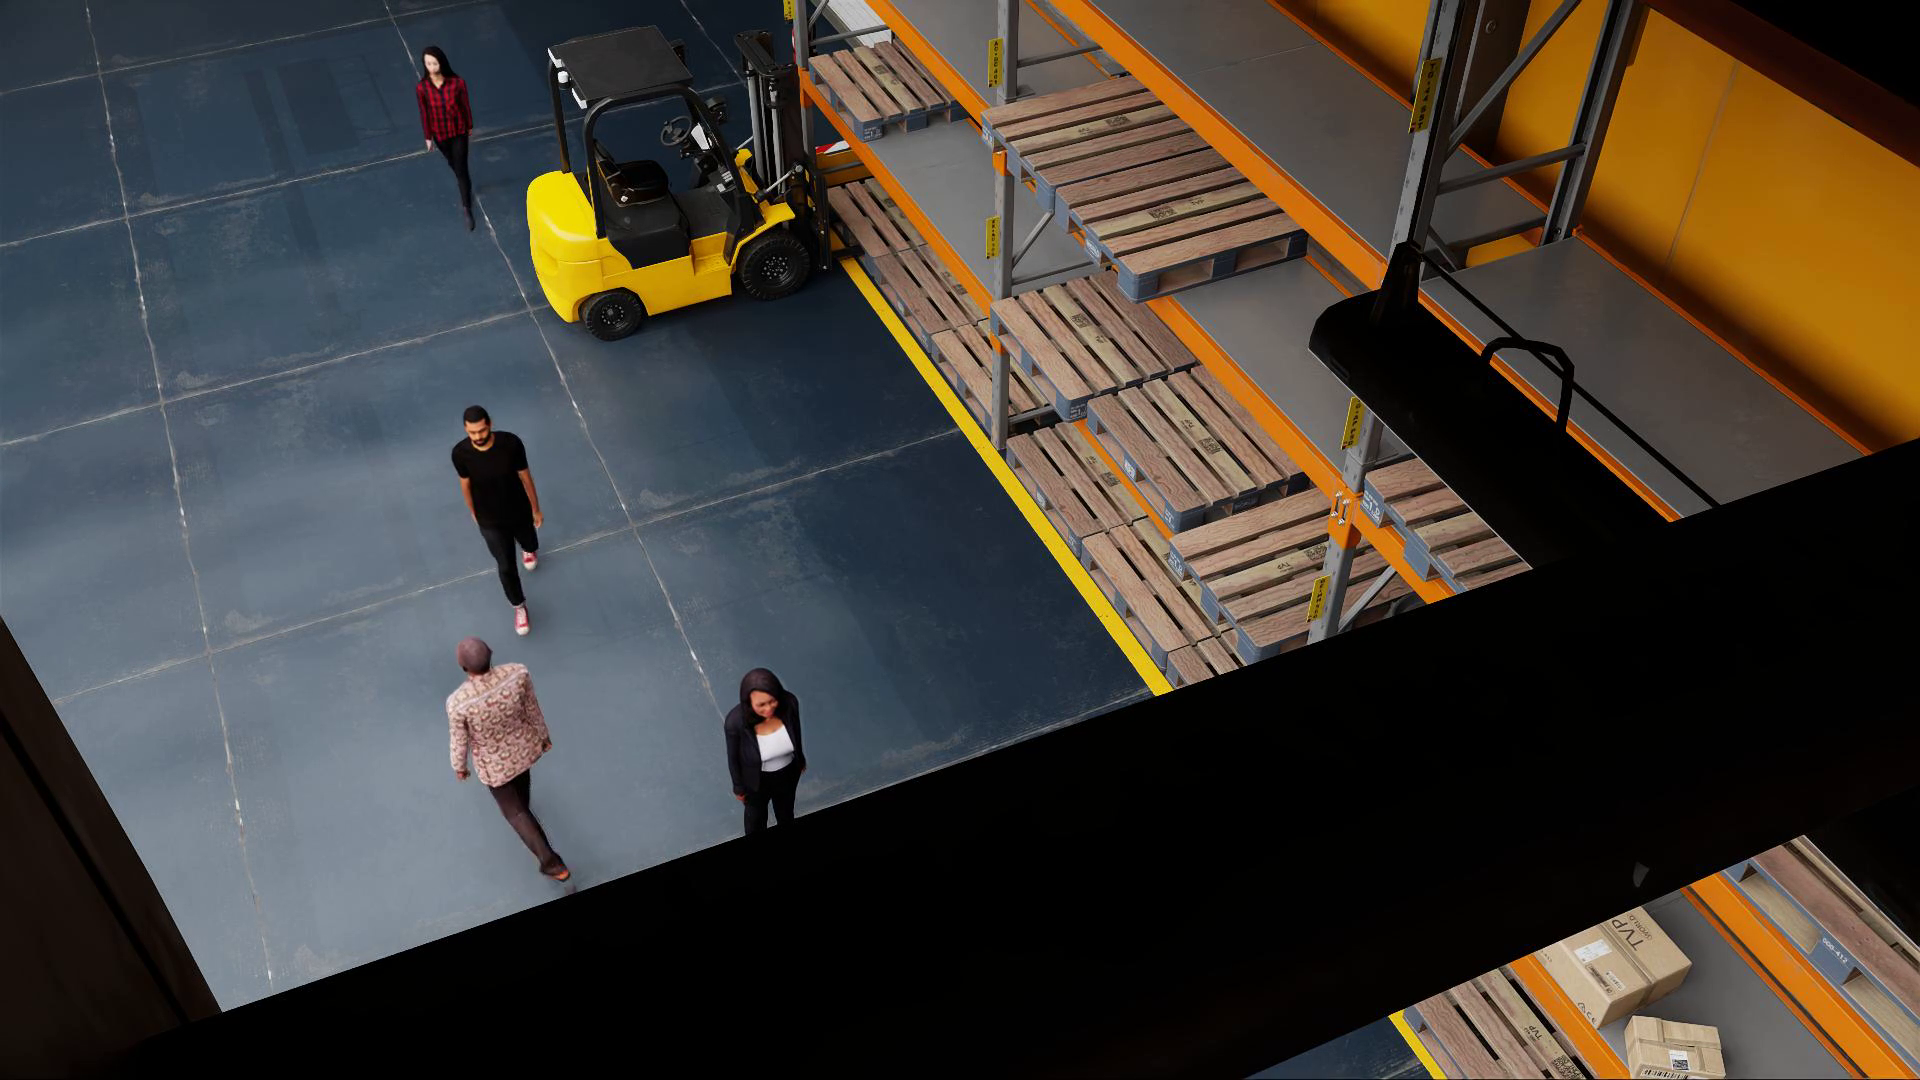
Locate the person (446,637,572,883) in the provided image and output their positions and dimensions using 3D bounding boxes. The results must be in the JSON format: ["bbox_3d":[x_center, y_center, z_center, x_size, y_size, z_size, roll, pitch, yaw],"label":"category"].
---
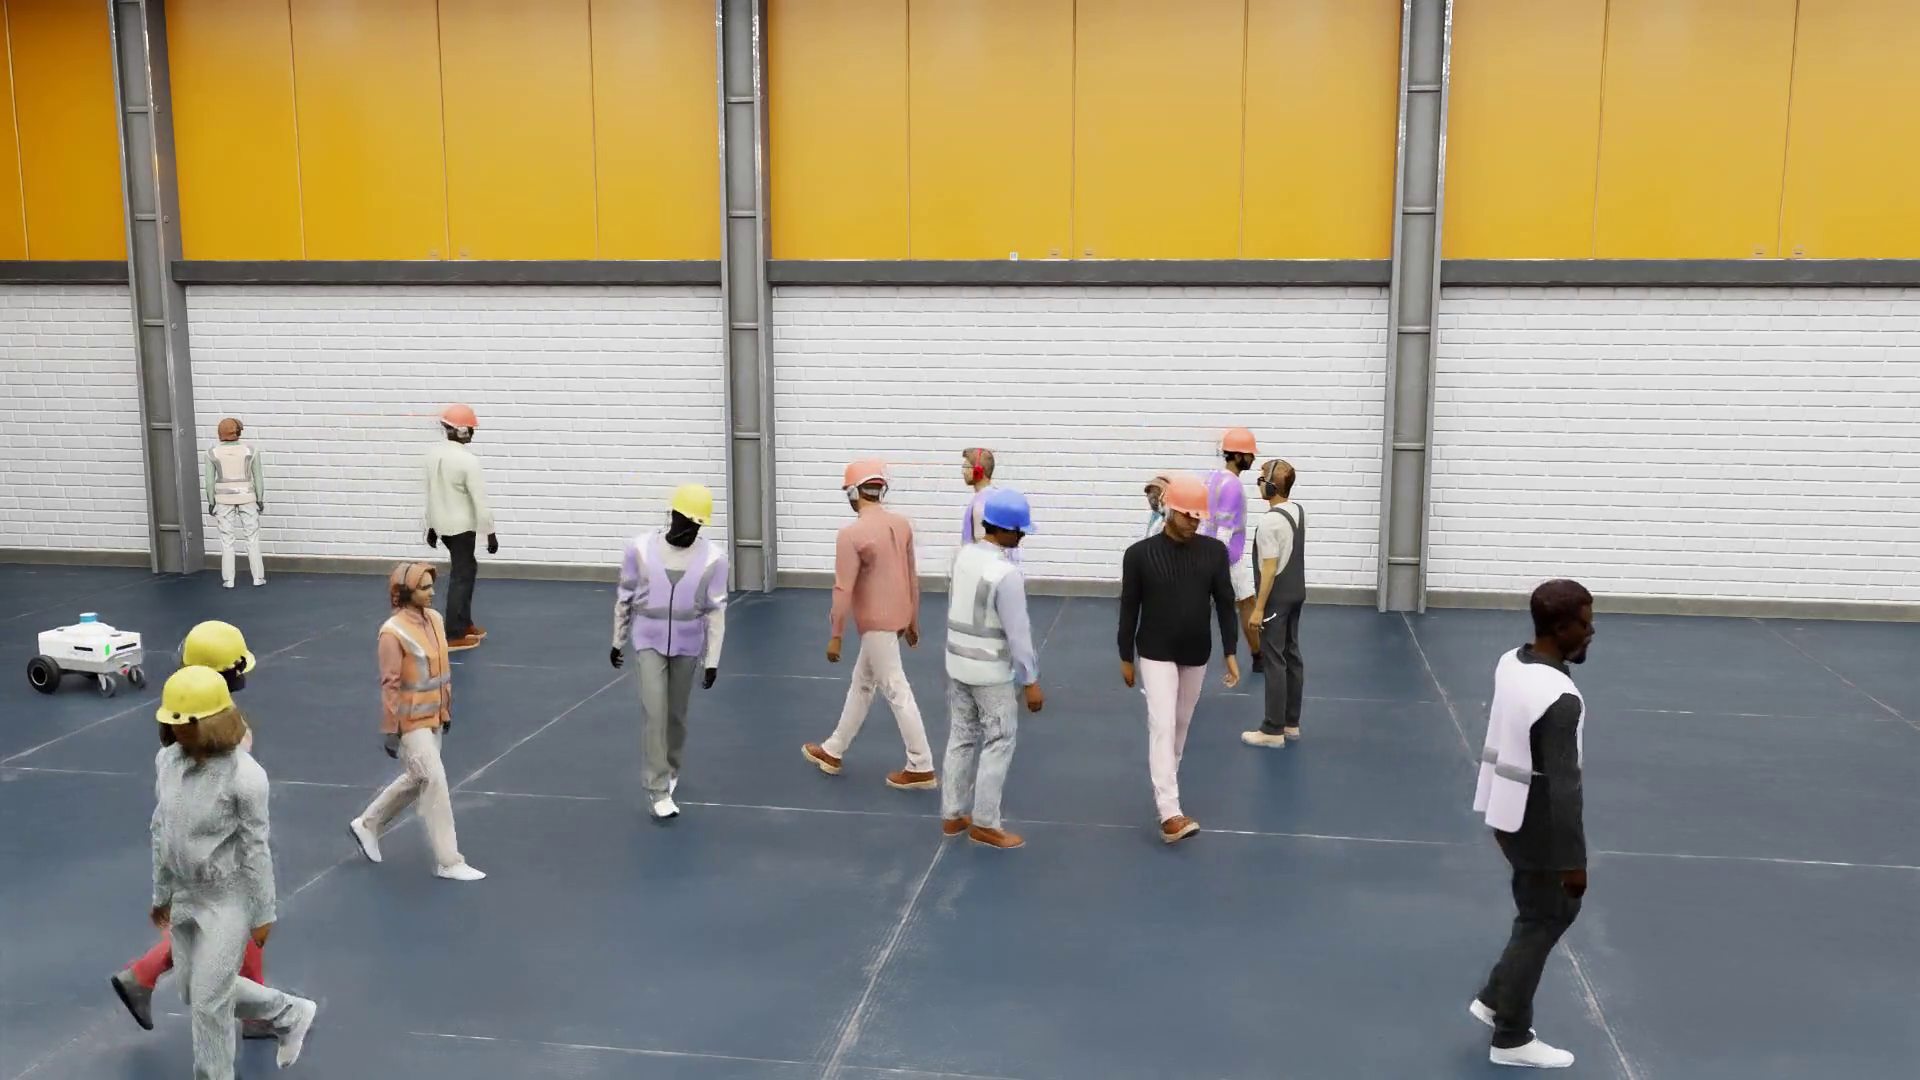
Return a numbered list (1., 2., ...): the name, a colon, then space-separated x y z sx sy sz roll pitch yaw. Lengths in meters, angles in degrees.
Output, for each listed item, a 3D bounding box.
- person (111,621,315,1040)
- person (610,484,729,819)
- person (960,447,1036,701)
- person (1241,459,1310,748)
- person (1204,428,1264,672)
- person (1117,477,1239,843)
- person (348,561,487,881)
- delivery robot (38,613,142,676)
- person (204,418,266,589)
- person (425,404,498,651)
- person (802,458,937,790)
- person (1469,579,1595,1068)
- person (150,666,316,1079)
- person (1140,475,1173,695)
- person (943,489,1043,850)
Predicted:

- [TASK DETAILS]:
For each line above that includes "pitch", make a copy.

- [RESPONSE TO THE EXERCISE]:
Locate the person (446,637,572,883) in the provided image and output their positions and dimensions using 3D bounding boxes. The results must be in the JSON format: ["bbox_3d":[x_center, y_center, z_center, x_size, y_size, z_size, roll, pitch, yaw],"label":"category"].
Return a numbered list (1., 2., ...): the name, a colon, then space-separated x y z sx sy sz roll pitch yaw. Lengths in meters, angles in degrees.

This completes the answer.